→ **PROVIDED INFORMATION**
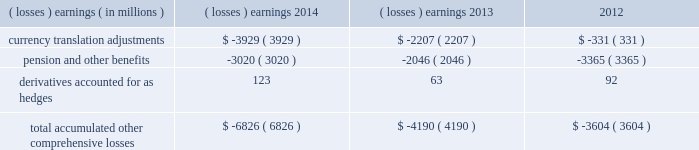Note 17 .
Accumulated other comprehensive losses : pmi's accumulated other comprehensive losses , net of taxes , consisted of the following: .
Reclassifications from other comprehensive earnings the movements in accumulated other comprehensive losses and the related tax impact , for each of the components above , that are due to current period activity and reclassifications to the income statement are shown on the consolidated statements of comprehensive earnings for the years ended december 31 , 2014 , 2013 , and 2012 .
The movement in currency translation adjustments for the year ended december 31 , 2013 , was also impacted by the purchase of the remaining shares of the mexican tobacco business .
In addition , $ 5 million and $ 12 million of net currency translation adjustment gains were transferred from other comprehensive earnings to marketing , administration and research costs in the consolidated statements of earnings for the years ended december 31 , 2014 and 2013 , respectively , upon liquidation of a subsidiary .
For additional information , see note 13 .
Benefit plans and note 15 .
Financial instruments for disclosures related to pmi's pension and other benefits and derivative financial instruments .
Note 18 .
Colombian investment and cooperation agreement : on june 19 , 2009 , pmi announced that it had signed an agreement with the republic of colombia , together with the departments of colombia and the capital district of bogota , to promote investment and cooperation with respect to the colombian tobacco market and to fight counterfeit and contraband tobacco products .
The investment and cooperation agreement provides $ 200 million in funding to the colombian governments over a 20-year period to address issues of mutual interest , such as combating the illegal cigarette trade , including the threat of counterfeit tobacco products , and increasing the quality and quantity of locally grown tobacco .
As a result of the investment and cooperation agreement , pmi recorded a pre-tax charge of $ 135 million in the operating results of the latin america & canada segment during the second quarter of 2009 .
At december 31 , 2014 and 2013 , pmi had $ 71 million and $ 74 million , respectively , of discounted liabilities associated with the colombian investment and cooperation agreement .
These discounted liabilities are primarily reflected in other long-term liabilities on the consolidated balance sheets and are expected to be paid through 2028 .
Note 19 .
Rbh legal settlement : on july 31 , 2008 , rothmans inc .
( "rothmans" ) announced the finalization of a cad 550 million settlement ( or approximately $ 540 million , based on the prevailing exchange rate at that time ) between itself and rothmans , benson & hedges inc .
( "rbh" ) , on the one hand , and the government of canada and all 10 provinces , on the other hand .
The settlement resolved the royal canadian mounted police's investigation relating to products exported from canada by rbh during the 1989-1996 period .
Rothmans' sole holding was a 60% ( 60 % ) interest in rbh .
The remaining 40% ( 40 % ) interest in rbh was owned by pmi. .
What portion of the total accumulated other comprehensive losses is incurred by the currency translation adjustments in 2014? 
Computations: (3929 / 6826)
Answer: 0.57559. 
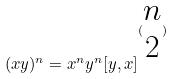<formula> <loc_0><loc_0><loc_500><loc_500>( x y ) ^ { n } = x ^ { n } y ^ { n } [ y , x ] ^ { ( \begin{matrix} n \\ 2 \end{matrix} ) }</formula> 
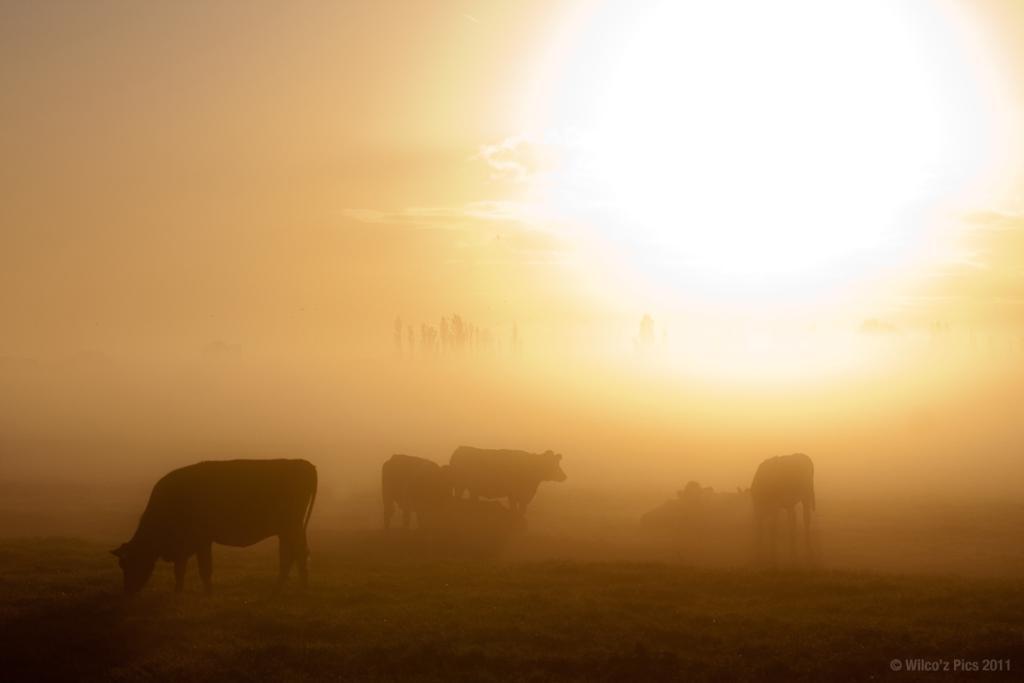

→ **EXERCISE REQUIREMENTS**
Go through the material and set it down again exactly, but without any pictures.

→ **WRITTEN SOLUTION**
Note 17 .
Accumulated other comprehensive losses : pmi's accumulated other comprehensive losses , net of taxes , consisted of the following: .
Reclassifications from other comprehensive earnings the movements in accumulated other comprehensive losses and the related tax impact , for each of the components above , that are due to current period activity and reclassifications to the income statement are shown on the consolidated statements of comprehensive earnings for the years ended december 31 , 2014 , 2013 , and 2012 .
The movement in currency translation adjustments for the year ended december 31 , 2013 , was also impacted by the purchase of the remaining shares of the mexican tobacco business .
In addition , $ 5 million and $ 12 million of net currency translation adjustment gains were transferred from other comprehensive earnings to marketing , administration and research costs in the consolidated statements of earnings for the years ended december 31 , 2014 and 2013 , respectively , upon liquidation of a subsidiary .
For additional information , see note 13 .
Benefit plans and note 15 .
Financial instruments for disclosures related to pmi's pension and other benefits and derivative financial instruments .
Note 18 .
Colombian investment and cooperation agreement : on june 19 , 2009 , pmi announced that it had signed an agreement with the republic of colombia , together with the departments of colombia and the capital district of bogota , to promote investment and cooperation with respect to the colombian tobacco market and to fight counterfeit and contraband tobacco products .
The investment and cooperation agreement provides $ 200 million in funding to the colombian governments over a 20-year period to address issues of mutual interest , such as combating the illegal cigarette trade , including the threat of counterfeit tobacco products , and increasing the quality and quantity of locally grown tobacco .
As a result of the investment and cooperation agreement , pmi recorded a pre-tax charge of $ 135 million in the operating results of the latin america & canada segment during the second quarter of 2009 .
At december 31 , 2014 and 2013 , pmi had $ 71 million and $ 74 million , respectively , of discounted liabilities associated with the colombian investment and cooperation agreement .
These discounted liabilities are primarily reflected in other long-term liabilities on the consolidated balance sheets and are expected to be paid through 2028 .
Note 19 .
Rbh legal settlement : on july 31 , 2008 , rothmans inc .
( "rothmans" ) announced the finalization of a cad 550 million settlement ( or approximately $ 540 million , based on the prevailing exchange rate at that time ) between itself and rothmans , benson & hedges inc .
( "rbh" ) , on the one hand , and the government of canada and all 10 provinces , on the other hand .
The settlement resolved the royal canadian mounted police's investigation relating to products exported from canada by rbh during the 1989-1996 period .
Rothmans' sole holding was a 60% ( 60 % ) interest in rbh .
The remaining 40% ( 40 % ) interest in rbh was owned by pmi. .
What portion of the total accumulated other comprehensive losses is incurred by the currency translation adjustments in 2014? 
Computations: (3929 / 6826)
Answer: 0.57559. 
<formula> <loc_0><loc_0><loc_500><loc_500>( x y ) ^ { n } = x ^ { n } y ^ { n } [ y , x ] ^ { ( \begin{matrix} n \\ 2 \end{matrix} ) }</formula> 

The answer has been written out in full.